Re: Link Connectivity Algorithim
by Anonymous Monk on Oct 30, 2006 at 11:22 UTC
    The danger of presenting your problem with a single example is that people waste time coming up with solutions that aren't going to work for you.

    What for instance is supposed to happen if %T1 contains 'b|d' => 'b|d' instead of 'c|d' => 'c|d'? Or is that not allowed? (In which case, the solution seems to be very easy).
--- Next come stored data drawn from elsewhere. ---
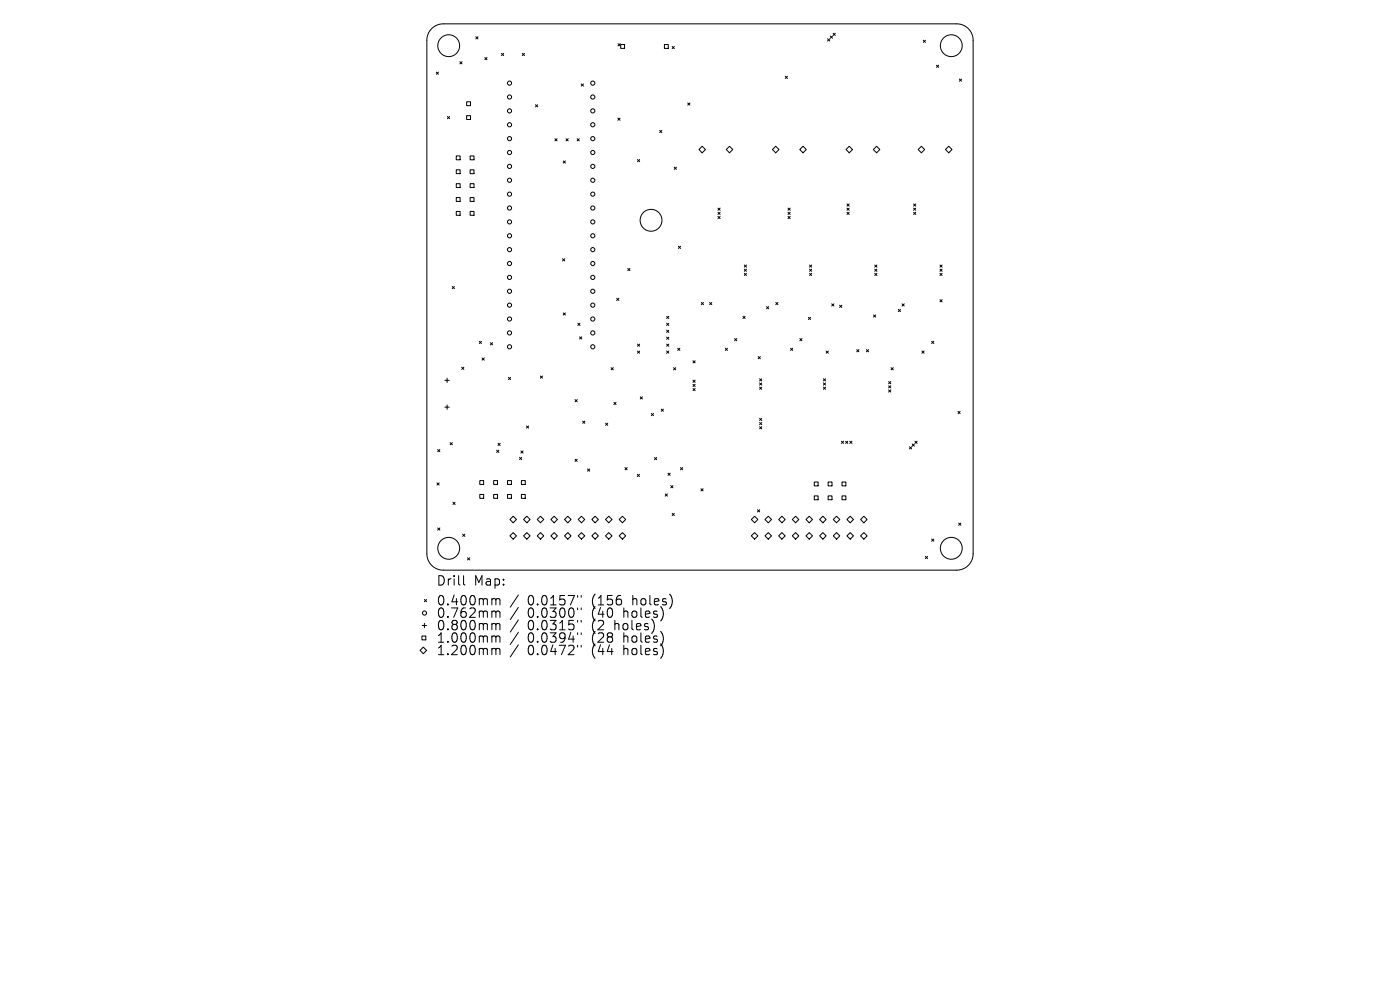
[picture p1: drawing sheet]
<svg xmlns="http://www.w3.org/2000/svg" width="297mm" height="210mm" viewBox="0 0 297 210" stroke-linecap="round" stroke-linejoin="round" font-family="sans-serif">
<defs><g id="words">
<g font-size="2.8">
<text x="92.5" y="124.5">Drill</text>
<text x="100.5" y="124.5">Map:</text>
<text x="92.5" y="128.7">0.400mm</text>
<text x="92.5" y="131.3">0.762mm</text>
<text x="111.9" y="128.7">0.0157&quot;</text>
<text x="111.9" y="131.3">0.0300&quot;</text>
<text x="125.7" y="128.7">(156</text>
<text x="125.7" y="131.3">(40</text>
<text x="132.5" y="131.3">holes)</text>
<text x="134.4" y="128.7">holes)</text>
<text x="92.5" y="134">0.800mm</text>
<text x="92.5" y="136.6">1.000mm</text>
<text x="111.9" y="134">0.0315&quot;</text>
<text x="111.9" y="136.6">0.0394&quot;</text>
<text x="125.7" y="134">(2</text>
<text x="125.7" y="136.6">(28</text>
<text x="130.6" y="134">holes)</text>
<text x="132.5" y="136.6">holes)</text>
<text x="92.5" y="139.3">1.200mm</text>
<text x="111.9" y="139.3">0.0472&quot;</text>
<text x="125.7" y="139.3">(44</text>
<text x="132.5" y="139.3">holes)</text>
</g>
</g></defs>
<g fill="none" stroke="#000" stroke-width=".21">
<path d="M91.6 6.1a3.5 3.5 0 0 1 2.4-1h109a3.5 3.5 0 0 1 3.4 3.4v109a3.5 3.5 0 0 1-3.4 3.4h-109a3.5 3.5 0 0 1-3.4-3.4v-109a3.5 3.5 0 0 1 1-2.4zM92.6 15.3l.4 .5M93 15.3l-.4 .5M97.6 13.1l.4 .5M98 13.1l-.4 .5M100.9 7.8l.5 .5M101.4 7.8l-.5 .5M102.9 12.2l.4 .5M103.3 12.2l-.4 .5M106.4 11.3l.5 .5M106.9 11.3l-.5 .5M110.8 11.3l.5 .5"/>
<path d="M111.3 11.3l-.5 .5M123.3 17.8l.5 .5M123.8 17.8l-.5 .5M131.1 9.3l.5 .4M131.6 9.3l-.5 .4M131.7 9.4h.8v.9h-.8zM140.9 9.4h.9v.9h-.9zM142.6 9.9l.5 .4M143.1 9.9l-.5 .4M166.6 16.2l.4 .4M167 16.2l-.4 .4M175.6 8.2l.4 .5"/>
<path d="M176 8.2l-.4 .5M176.2 7.6l.4 .5M176.6 7.6l-.4 .5M176.7 7.1l.5 .4M177.2 7.1l-.5 .4M195.9 8.5l.4 .5M196.3 8.5l-.4 .5M198.7 13.8l.4 .5M199.1 13.8l-.4 .5M203.5 16.8l.5 .4M204 16.8l-.5 .4M94.9 24.7l.5 .5"/>
<path d="M95.4 24.7l-.5 .5M96.8 33.1h.8v.8h-.8zM96.8 36h.8v.8h-.8zM96.8 39h.8v.8h-.8zM99 21.6h.8v.8h-.8zM99 24.5h.8v.9h-.8zM99.7 33.1h.9v.8h-.9zM99.7 36h.9v.8h-.9zM99.7 39h.9v.8h-.9zM113.6 22.2l.5 .5M114.1 22.2l-.5 .5M117.7 29.4l.5 .5"/>
<path d="M118.2 29.4l-.5 .5M119.5 34.1l.5 .5M120 34.1l-.5 .5M120.1 29.4l.4 .5M120.5 29.4l-.4 .5M122.4 29.4l.5 .5M122.9 29.4l-.5 .5M131.1 25.1l.4 .4M131.5 25.1l-.4 .4M135.2 33.8l.5 .5M135.7 33.8l-.5 .5M139.9 27.7l.5 .4"/>
<path d="M140.4 27.7l-.5 .4M143 35.5l.5 .4M143.5 35.5l-.5 .4M145.9 21.8l.5 .5M146.4 21.8l-.5 .5M149 31l.7 .7-.7 .7-.7-.7zM154.1 31.7l.7-.7 .7 .7-.7 .7zM164.6 31l.7 .7-.7 .7-.7-.7zM169.7 31.7l.7-.7 .7 .7-.7 .7zM179.5 31.7l.7-.7 .7 .7-.7 .7zM185.3 31.7l.7-.7 .7 .7-.7 .7zM194.8 31.7l.7-.7 .7 .7-.7 .7z"/>
<path d="M200.6 31.7l.7-.7 .7 .7-.7 .7zM96.8 41.9h.8v.8h-.8zM96.8 44.8h.8v.9h-.8zM99.7 41.9h.9v.8h-.9zM99.7 44.8h.9v.9h-.9zM119.3 54.9l.5 .5M119.8 54.9l-.5 .5M133.2 56.9l.4 .5M133.6 56.9l-.4 .5M143.9 52.2l.5 .5M144.4 52.2l-.5 .5M152.3 44.1l.5 .5"/>
<path d="M152.3 45l.5 .5M152.3 45.9l.5 .5M152.8 44.1l-.5 .5M152.8 45l-.5 .5M152.8 45.9l-.5 .5M157.9 56.2l.5 .5M157.9 57.1l.5 .5M157.9 58l.5 .4M158.4 58l-.5 .4M158.4 56.2l-.5 .5M158.4 57.1l-.5 .5M167.2 44.1l.4 .5"/>
<path d="M167.2 45l.4 .5M167.2 45.9l.4 .5M167.6 44.1l-.4 .5M167.6 45l-.4 .5M167.6 45.9l-.4 .5M171.7 56.2l.5 .5M171.7 57.1l.5 .5M171.7 58l.5 .4M172.2 56.2l-.5 .5M172.2 57.1l-.5 .5M172.2 58l-.5 .4M179.7 43.3l.4 .4"/>
<path d="M179.7 44.1l.4 .5M179.7 45l.4 .5M180.1 43.3l-.4 .4M180.1 44.1l-.4 .5M180.1 45l-.4 .5M185.6 56.2l.4 .5M185.6 57.1l.4 .5M185.6 58l.4 .4M186 56.2l-.4 .5M186 57.1l-.4 .5M186 58l-.4 .4M193.8 43.3l.5 .4"/>
<path d="M193.8 44.1l.5 .5M193.8 45l.5 .5M194.3 43.3l-.5 .4M194.3 44.1l-.5 .5M194.3 45l-.5 .5M199.4 56.2l.5 .5M199.4 57.1l.5 .5M199.4 58l.5 .4M199.9 56.2l-.5 .5M199.9 57.1l-.5 .5M199.9 58l-.5 .4M95.9 60.8l.5 .4"/>
<path d="M96.4 60.8l-.5 .4M97.9 77.9l.5 .5M98.4 77.9l-.5 .5M101.7 72.4l.4 .5M102.1 72.4l-.4 .5M102.3 75.9l.4 .5M102.7 75.9l-.4 .5M104 72.7l.5 .5M104.5 72.7l-.5 .5M114.6 79.8l.5 .4M115.1 79.8l-.5 .4M119.5 66.4l.5 .4"/>
<path d="M120 66.4l-.5 .4M122.6 68.6l.4 .4M123 71.5l.4 .4M123 68.6l-.4 .4M123.4 71.5l-.4 .4M129.6 78l.5 .5M130.1 78l-.5 .5M130.8 63.3l.5 .4M131.3 63.3l-.5 .4M135.2 73l.5 .5M135.2 74.5l.5 .4M135.7 73l-.5 .5"/>
<path d="M135.7 74.5l-.5 .4M141.4 67.1l.5 .5M141.4 68.6l.5 .4M141.4 70l.5 .5M141.4 71.5l.5 .5M141.4 73l.5 .5M141.4 74.5l.5 .4M141.9 70l-.5 .5M141.9 71.5l-.5 .5M141.9 67.1l-.5 .5M141.9 68.6l-.5 .4M141.9 73l-.5 .5"/>
<path d="M141.9 74.5l-.5 .4M142.9 78l.5 .5M143.4 78l-.5 .5M143.8 73.9l.4 .4M144.2 73.9l-.4 .4M147 76.5l.5 .5M147.5 76.5l-.5 .5M148.8 64.2l.4 .4M149.2 64.2l-.4 .4M150.5 64.2l.5 .4M151 64.2l-.5 .4M153.9 73.9l.4 .4"/>
<path d="M154.3 73.9l-.4 .4M155.8 71.8l.5 .5M156.3 71.8l-.5 .5M157.6 67.1l.5 .5M158.1 67.1l-.5 .5M160.8 75.6l.5 .5M161.3 75.6l-.5 .5M162.6 65l.5 .5M163.1 65l-.5 .5M164.6 64.2l.4 .4M165 64.2l-.4 .4M167.7 73.9l.5 .4"/>
<path d="M168.2 73.9l-.5 .4M169.7 71.8l.4 .5M170.1 71.8l-.4 .5M171.5 67.3l.5 .5M172 67.3l-.5 .5M175.3 74.5l.4 .4M175.7 74.5l-.4 .4M176.4 64.5l.5 .4M176.9 64.5l-.5 .4M178.1 64.7l.5 .5M178.6 64.7l-.5 .5M181.7 74.2l.5 .4"/>
<path d="M182.2 74.2l-.5 .4M183.8 74.2l.5 .4M184.3 74.2l-.5 .4M185.3 66.8l.5 .5M185.8 66.8l-.5 .5M189 78l.5 .5M189.5 78l-.5 .5M190.6 65.6l.4 .5M191 65.6l-.4 .5M191.4 64.5l.4 .4M191.8 64.5l-.4 .4M195.6 74.5l.4 .4"/>
<path d="M196 74.5l-.4 .4M197.6 72.4l.5 .5M198.1 72.4l-.5 .5M199.4 63.6l.5 .4M199.9 63.6l-.5 .4M92.8 95.4l.5 .4M93.3 95.4l-.5 .4M94.4 80.7h.9M94.4 86.4h.9M94.8 80.2v1M94.8 85.9v.9M95.5 93.9l.5 .5"/>
<path d="M96 93.9l-.5 .5M105.4 95.5l.4 .5M105.7 94l.4 .5M105.8 95.5l-.4 .5M106.1 94l-.4 .5M107.9 80.1l.4 .4M108.3 80.1l-.4 .4M110.2 97l.5 .5M110.5 95.7l.5 .4M110.7 97l-.5 .5M111 95.7l-.5 .4M111.7 90.4l.5 .4"/>
<path d="M112.2 90.4l-.5 .4M122 84.8l.5 .4M122 97.4l.5 .5M122.5 84.8l-.5 .4M122.5 97.4l-.5 .5M123.6 89.3l.5 .5M124.1 89.3l-.5 .5M124.6 99.5l.5 .4M125.1 99.5l-.5 .4M128.5 89.8l.4 .4M128.9 89.8l-.4 .4M130.2 85.4l.5 .4"/>
<path d="M130.7 85.4l-.5 .4M132.6 99.2l.5 .5M133.1 99.2l-.5 .5M135.8 84.2l.5 .4M136.3 84.2l-.5 .4M138.2 87.7l.4 .5M138.6 87.7l-.4 .5M138.8 97.1l.5 .4M139.3 97.1l-.5 .4M140.3 86.8l.4 .5M140.7 86.8l-.4 .5M144.4 99.2l.4 .5"/>
<path d="M144.8 99.2l-.4 .5M147 80.6l.5 .5M147 81.5l.5 .5M147 82.4l.5 .5M147.5 80.6l-.5 .5M147.5 81.5l-.5 .5M147.5 82.4l-.5 .5M161.1 80.4l.5 .4M161.1 81.2l.5 .5M161.1 82.1l.5 .5M161.1 88.7l.5 .5M161.1 89.6l.5 .5"/>
<path d="M161.1 90.5l.5 .5M161.6 80.4l-.5 .4M161.6 81.2l-.5 .5M161.6 82.1l-.5 .5M161.6 88.7l-.5 .5M161.6 89.6l-.5 .5M161.6 90.5l-.5 .5M174.7 80.4l.4 .4M174.7 81.2l.4 .5M174.7 82.1l.4 .5M175.1 80.4l-.4 .4M175.1 81.2l-.4 .5"/>
<path d="M175.1 82.1l-.4 .5M178.5 93.6l.5 .5M179 93.6l-.5 .5M179.4 93.6l.5 .5M179.9 93.6l-.5 .5M180.3 93.6l.4 .5M180.7 93.6l-.4 .5M188.5 80.9l.5 .5M188.5 81.8l.5 .5M188.5 82.7l.5 .5M189 80.9l-.5 .5M189 81.8l-.5 .5"/>
<path d="M189 82.7l-.5 .5M192.9 94.8l.5 .4M193.4 94.8l-.5 .4M193.5 94.2l.5 .4M194 94.2l-.5 .4M194.1 93.6l.5 .5M194.6 93.6l-.5 .5M203.2 87.3l.5 .4M203.7 87.3l-.5 .4M92.7 102.4l.5 .5M92.8 112l.5 .5M93.2 102.4l-.5 .5"/>
<path d="M93.3 112l-.5 .5M96.1 106.5l.5 .5M96.6 106.5l-.5 .5M98.1 113.3l.5 .5M98.6 113.3l-.5 .5M99.2 118.3l.4 .5M99.6 118.3l-.4 .5M101.8 101.9h.8v.9h-.8zM101.8 104.9h.8v.8h-.8zM104.7 101.9h.8v.9h-.8zM104.7 104.9h.8v.8h-.8zM107.7 101.9h.8v.9h-.8z"/>
<path d="M107.7 104.9h.8v.8h-.8zM108.2 110.2l.7-.7 .7 .7-.7 .7zM108.9 113l.7 .7-.7 .7-.7-.7zM110.6 101.9h.8v.9h-.8zM110.6 104.9h.8v.8h-.8zM111.1 110.2l.7-.7 .7 .7-.7 .7zM111.1 113.7l.7-.7 .7 .7-.7 .7zM114 110.2l.7-.7 .7 .7-.7 .7zM114 113.7l.7-.7 .7 .7-.7 .7zM117.6 109.5l.7 .7-.7 .7-.7-.7zM117.6 113l.7 .7-.7 .7-.7-.7zM119.8 110.2l.7-.7 .7 .7-.7 .7z"/>
<path d="M119.8 113.7l.7-.7 .7 .7-.7 .7zM122.7 110.2l.7-.7 .6 .7-.6 .7zM122.7 113.7l.7-.7 .6 .7-.6 .7zM126.3 109.5l.6 .7-.6 .7-.7-.7zM126.3 113l.6 .7-.6 .7-.7-.7zM128.5 110.2l.6-.7 .7 .7-.7 .7zM128.5 113.7l.6-.7 .7 .7-.7 .7zM131.3 110.2l.7-.7 .7 .7-.7 .7zM131.3 113.7l.7-.7 .7 .7-.7 .7zM135.2 100.6l.5 .5M135.7 100.6l-.5 .5M141.1 104.8l.5 .4"/>
<path d="M141.6 104.8l-.5 .4M141.7 100.4l.5 .4M142.2 100.4l-.5 .4M142.3 103l.5 .5M142.6 108.9l.5 .5M142.8 103l-.5 .5M143.1 108.9l-.5 .5M148.7 103.7l.5 .4M149.2 103.7l-.5 .4M160.1 109.5l.7 .7-.7 .7-.7-.7zM160.1 113l.7 .7-.7 .7-.7-.7zM160.7 108.1l.5 .5"/>
<path d="M161.2 108.1l-.5 .5M163 109.5l.7 .7-.7 .7-.7-.7zM163 113l.7 .7-.7 .7-.7-.7zM165.2 110.2l.7-.7 .7 .7-.7 .7zM165.2 113.7l.7-.7 .7 .7-.7 .7zM168.1 110.2l.7-.7 .7 .7-.7 .7zM168.8 113l.7 .7-.7 .7-.7-.7zM171 110.2l.7-.7 .7 .7-.7 .7zM171.7 113l.7 .7-.7 .7-.7-.7zM172.7 102.2h.9v.9h-.9zM172.7 105.2h.9v.8h-.9zM173.9 110.2l.7-.7 .7 .7-.7 .7z"/>
<path d="M173.9 113.7l.7-.7 .7 .7-.7 .7zM175.7 102.2h.8v.9h-.8zM175.7 105.2h.8v.8h-.8zM176.8 110.2l.7-.7 .7 .7-.7 .7zM177.5 113l.7 .7-.7 .7-.7-.7zM178.6 102.2h.8v.9h-.8zM178.6 105.2h.8v.8h-.8zM179.7 110.2l.7-.7 .7 .7-.7 .7zM179.7 113.7l.7-.7 .7 .7-.7 .7zM182.6 110.2l.7-.7 .7 .7-.7 .7zM182.6 113.7l.7-.7 .7 .7-.7 .7zM196.3 118l.5 .5"/>
<path d="M196.8 118l-.5 .5M197.6 114.3l.5 .5M198.1 114.3l-.5 .5M203.4 111l.4 .4M203.8 111l-.4 .4M89.1 138l.7-.7 .7 .7-.7 .7zM89.5 134.9h.8v.8h-.8zM89.6 132.7h.9M90 127.2l.5 .4M90 132.2v.9M90.5 127.2l-.5 .4M98.3 122.1v1.7l.3 .3"/>
<path d="M104.6 127l.5 .1 .1 .2M104.6 129.6h.3l.3 .3M104.6 132.3h.3l.3 .3M104.6 134.9h.3l.3 .3M104.6 137.5l.5 .1 .1 .2M105.2 127.3l.3-.3 .5 .1 .1 1.2M105.2 127.3v1M105.2 129.9v1.1M105.2 132.6v1M105.2 135.2v1M105.2 137.8v1.1M105.2 129.9l.3-.3 .5 .1 .1 1.3"/>
<path d="M105.2 132.6l.3-.3 .5 .1 .1 1.2M105.2 135.2l.3-.3 .5 .1 .1 1.2M105.2 137.8l.3-.3 .5 .1 .1 1.3M110 126.2l-1.8 2.6M110 128.9l-1.8 2.5M110 131.5l-1.8 2.6M110 134.1l-1.8 2.6M110 136.8l-1.8 2.6M122.5 126.3v.4M122.5 129v.3M122.5 131.6v.4M122.5 134.2v.4"/>
<path d="M122.5 136.9v.4M123.3 126.3v.4M123.3 129v.3M123.3 131.6v.4M123.3 134.2v.4M123.3 136.9v.4"/>
<circle cx="95.2" cy="9.7" r="2.32"/>
<circle cx="108.1" cy="17.6" r=".44"/>
<circle cx="125.8" cy="17.6" r=".44"/>
<circle cx="201.8" cy="9.7" r="2.32"/>
<circle cx="108.1" cy="29.4" r=".44"/>
<circle cx="108.1" cy="32.4" r=".44"/>
<circle cx="108.1" cy="26.5" r=".44"/>
<circle cx="108.1" cy="35.3" r=".44"/>
<circle cx="108.1" cy="23.5" r=".44"/>
<circle cx="108.1" cy="38.2" r=".44"/>
<circle cx="108.1" cy="20.6" r=".44"/>
<circle cx="125.8" cy="32.4" r=".44"/>
<circle cx="125.8" cy="29.4" r=".44"/>
<circle cx="125.8" cy="26.5" r=".44"/>
<circle cx="125.8" cy="35.3" r=".44"/>
<circle cx="125.8" cy="38.2" r=".44"/>
<circle cx="125.8" cy="23.5" r=".44"/>
<circle cx="125.8" cy="20.6" r=".44"/>
<circle cx="108.1" cy="47.1" r=".44"/>
<circle cx="108.1" cy="50" r=".44"/>
<circle cx="108.1" cy="53" r=".44"/>
<circle cx="108.1" cy="44.1" r=".44"/>
<circle cx="108.1" cy="58.8" r=".44"/>
<circle cx="108.1" cy="41.2" r=".44"/>
<circle cx="108.1" cy="55.9" r=".44"/>
<circle cx="125.8" cy="47.1" r=".44"/>
<circle cx="125.8" cy="50" r=".44"/>
<circle cx="125.8" cy="53" r=".44"/>
<circle cx="125.8" cy="44.1" r=".44"/>
<circle cx="125.8" cy="58.8" r=".44"/>
<circle cx="125.8" cy="41.2" r=".44"/>
<circle cx="125.8" cy="55.9" r=".44"/>
<circle cx="138.1" cy="46.7" r="2.32"/>
<circle cx="108.1" cy="64.7" r=".44"/>
<circle cx="108.1" cy="67.7" r=".44"/>
<circle cx="108.1" cy="70.6" r=".44"/>
<circle cx="108.1" cy="61.8" r=".44"/>
<circle cx="108.1" cy="73.6" r=".44"/>
<circle cx="125.8" cy="64.7" r=".44"/>
<circle cx="125.8" cy="70.6" r=".44"/>
<circle cx="125.8" cy="67.7" r=".44"/>
<circle cx="125.8" cy="61.8" r=".44"/>
<circle cx="125.8" cy="73.6" r=".44"/>
<circle cx="95.2" cy="116.3" r="2.32"/>
<circle cx="201.8" cy="116.3" r="2.32"/>
<circle cx="90.1" cy="130" r=".44"/>
</g>
<use href="#words"/>
</svg>

      Sorry this is my first post. To answer your question
      'b|d' => 'b|d'
      is not allowed
        So what *is* allowed? Can you have 'a|b' => 'b|c'? Can you have 'a|b' => 'b|a'? Can you have 'a|b|c' => 'x|y'? 'a|b' => 'x|y|z'? Be more specific on the constraints. (Your constraints will make the difference between a cubed, O(n log n) or a linear solution, so they are important).